▶ _Exercise_
Among the records, which lines include "drawing"? List them.

#### Materials provided ####

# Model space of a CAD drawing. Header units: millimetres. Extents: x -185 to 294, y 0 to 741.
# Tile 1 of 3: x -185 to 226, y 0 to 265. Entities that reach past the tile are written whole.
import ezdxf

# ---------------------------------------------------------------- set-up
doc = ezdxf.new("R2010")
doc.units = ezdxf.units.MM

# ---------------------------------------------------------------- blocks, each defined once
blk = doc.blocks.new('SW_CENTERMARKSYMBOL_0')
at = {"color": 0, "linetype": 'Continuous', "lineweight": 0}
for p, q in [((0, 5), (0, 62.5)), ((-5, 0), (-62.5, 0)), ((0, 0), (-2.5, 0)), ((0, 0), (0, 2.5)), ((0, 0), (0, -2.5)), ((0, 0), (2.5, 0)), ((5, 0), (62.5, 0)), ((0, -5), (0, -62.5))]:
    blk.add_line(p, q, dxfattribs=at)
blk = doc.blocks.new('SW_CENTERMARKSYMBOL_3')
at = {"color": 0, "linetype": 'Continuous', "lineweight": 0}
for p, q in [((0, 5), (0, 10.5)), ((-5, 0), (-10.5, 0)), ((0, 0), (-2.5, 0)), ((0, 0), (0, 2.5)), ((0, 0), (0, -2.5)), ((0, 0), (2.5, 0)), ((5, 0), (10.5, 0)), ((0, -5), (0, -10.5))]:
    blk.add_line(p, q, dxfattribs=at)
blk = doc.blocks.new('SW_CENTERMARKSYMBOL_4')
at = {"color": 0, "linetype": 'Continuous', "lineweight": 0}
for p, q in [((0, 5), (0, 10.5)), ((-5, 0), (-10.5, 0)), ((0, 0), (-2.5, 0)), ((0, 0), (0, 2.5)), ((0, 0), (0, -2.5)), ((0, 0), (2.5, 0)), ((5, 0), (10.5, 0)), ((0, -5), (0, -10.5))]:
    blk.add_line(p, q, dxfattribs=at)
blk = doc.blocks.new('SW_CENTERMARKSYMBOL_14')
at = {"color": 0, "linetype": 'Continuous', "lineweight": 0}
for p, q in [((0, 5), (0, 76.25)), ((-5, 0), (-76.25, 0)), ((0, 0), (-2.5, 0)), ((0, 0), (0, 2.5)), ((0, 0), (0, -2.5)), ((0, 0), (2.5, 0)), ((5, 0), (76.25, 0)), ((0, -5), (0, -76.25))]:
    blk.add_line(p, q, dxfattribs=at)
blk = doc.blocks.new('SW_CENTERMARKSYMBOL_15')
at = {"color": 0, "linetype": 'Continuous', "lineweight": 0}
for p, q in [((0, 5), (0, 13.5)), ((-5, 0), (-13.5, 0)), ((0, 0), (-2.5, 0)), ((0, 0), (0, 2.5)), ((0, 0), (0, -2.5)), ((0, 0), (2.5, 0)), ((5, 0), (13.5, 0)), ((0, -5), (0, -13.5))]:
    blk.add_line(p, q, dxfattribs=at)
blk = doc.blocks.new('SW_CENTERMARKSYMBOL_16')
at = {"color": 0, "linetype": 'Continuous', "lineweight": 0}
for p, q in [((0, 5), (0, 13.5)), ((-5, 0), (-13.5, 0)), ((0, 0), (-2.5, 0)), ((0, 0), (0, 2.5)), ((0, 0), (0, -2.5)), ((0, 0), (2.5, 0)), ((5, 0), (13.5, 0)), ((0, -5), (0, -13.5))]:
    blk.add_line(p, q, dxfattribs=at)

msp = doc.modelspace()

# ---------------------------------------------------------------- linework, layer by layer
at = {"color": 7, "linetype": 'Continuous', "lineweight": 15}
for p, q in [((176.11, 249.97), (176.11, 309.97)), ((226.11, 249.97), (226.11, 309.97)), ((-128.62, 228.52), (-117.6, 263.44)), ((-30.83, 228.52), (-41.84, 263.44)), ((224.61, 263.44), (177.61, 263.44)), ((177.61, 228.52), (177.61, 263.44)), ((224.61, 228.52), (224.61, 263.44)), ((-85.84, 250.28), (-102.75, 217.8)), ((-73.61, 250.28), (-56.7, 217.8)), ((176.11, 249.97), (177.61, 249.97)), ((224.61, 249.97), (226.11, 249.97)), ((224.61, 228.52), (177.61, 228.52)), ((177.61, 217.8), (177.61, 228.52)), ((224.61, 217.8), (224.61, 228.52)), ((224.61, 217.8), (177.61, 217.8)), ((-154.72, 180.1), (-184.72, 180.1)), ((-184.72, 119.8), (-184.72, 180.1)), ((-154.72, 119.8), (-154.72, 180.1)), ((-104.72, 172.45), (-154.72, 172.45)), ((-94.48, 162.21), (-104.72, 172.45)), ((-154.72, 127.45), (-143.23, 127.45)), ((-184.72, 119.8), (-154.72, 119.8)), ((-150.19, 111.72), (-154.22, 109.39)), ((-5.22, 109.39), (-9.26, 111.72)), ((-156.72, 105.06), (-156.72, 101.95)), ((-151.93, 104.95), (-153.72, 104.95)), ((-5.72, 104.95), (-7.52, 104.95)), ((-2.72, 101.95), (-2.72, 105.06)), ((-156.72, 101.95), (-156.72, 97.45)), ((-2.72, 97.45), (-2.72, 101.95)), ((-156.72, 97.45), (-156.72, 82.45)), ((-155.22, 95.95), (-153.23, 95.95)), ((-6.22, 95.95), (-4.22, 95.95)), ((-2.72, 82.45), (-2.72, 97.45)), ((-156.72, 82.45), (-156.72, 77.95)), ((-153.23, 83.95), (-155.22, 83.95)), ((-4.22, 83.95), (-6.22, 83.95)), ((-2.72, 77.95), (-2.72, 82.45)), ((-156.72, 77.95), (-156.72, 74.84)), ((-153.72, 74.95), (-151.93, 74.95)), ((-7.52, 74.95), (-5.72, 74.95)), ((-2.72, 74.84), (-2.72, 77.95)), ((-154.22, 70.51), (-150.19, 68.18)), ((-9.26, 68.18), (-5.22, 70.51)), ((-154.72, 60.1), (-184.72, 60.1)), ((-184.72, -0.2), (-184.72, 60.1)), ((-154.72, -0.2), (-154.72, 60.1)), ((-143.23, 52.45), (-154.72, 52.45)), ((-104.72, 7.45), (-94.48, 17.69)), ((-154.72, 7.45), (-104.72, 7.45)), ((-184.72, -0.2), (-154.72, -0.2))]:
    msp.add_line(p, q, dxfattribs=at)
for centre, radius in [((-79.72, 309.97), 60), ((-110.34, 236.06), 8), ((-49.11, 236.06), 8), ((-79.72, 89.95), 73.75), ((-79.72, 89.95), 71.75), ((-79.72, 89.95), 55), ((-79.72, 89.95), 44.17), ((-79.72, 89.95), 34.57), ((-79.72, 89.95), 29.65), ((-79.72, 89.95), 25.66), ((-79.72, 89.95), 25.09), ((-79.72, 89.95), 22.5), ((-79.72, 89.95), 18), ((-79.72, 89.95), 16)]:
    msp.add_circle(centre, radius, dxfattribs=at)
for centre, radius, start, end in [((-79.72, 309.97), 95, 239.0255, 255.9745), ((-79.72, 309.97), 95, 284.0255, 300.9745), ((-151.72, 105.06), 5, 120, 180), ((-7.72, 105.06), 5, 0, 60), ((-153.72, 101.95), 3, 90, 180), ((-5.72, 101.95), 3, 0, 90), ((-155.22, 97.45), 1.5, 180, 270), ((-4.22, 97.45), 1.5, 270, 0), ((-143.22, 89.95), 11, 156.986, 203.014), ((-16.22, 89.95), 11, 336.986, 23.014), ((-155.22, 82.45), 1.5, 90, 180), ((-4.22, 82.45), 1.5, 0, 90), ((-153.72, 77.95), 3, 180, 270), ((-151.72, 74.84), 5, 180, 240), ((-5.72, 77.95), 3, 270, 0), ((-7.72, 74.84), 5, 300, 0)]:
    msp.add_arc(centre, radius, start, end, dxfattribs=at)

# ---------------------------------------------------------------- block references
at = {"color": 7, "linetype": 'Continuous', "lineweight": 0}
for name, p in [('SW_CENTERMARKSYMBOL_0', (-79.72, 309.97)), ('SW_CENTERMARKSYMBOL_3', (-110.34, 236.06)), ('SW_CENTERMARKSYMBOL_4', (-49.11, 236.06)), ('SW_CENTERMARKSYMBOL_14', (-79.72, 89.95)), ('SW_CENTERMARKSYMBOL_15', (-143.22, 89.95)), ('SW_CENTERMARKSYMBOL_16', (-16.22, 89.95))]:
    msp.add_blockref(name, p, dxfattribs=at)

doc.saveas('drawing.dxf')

####

▶ _Answer area_
# Model space of a CAD drawing. Header units: millimetres. Extents: x -185 to 294, y 0 to 741.
doc.saveas('drawing.dxf')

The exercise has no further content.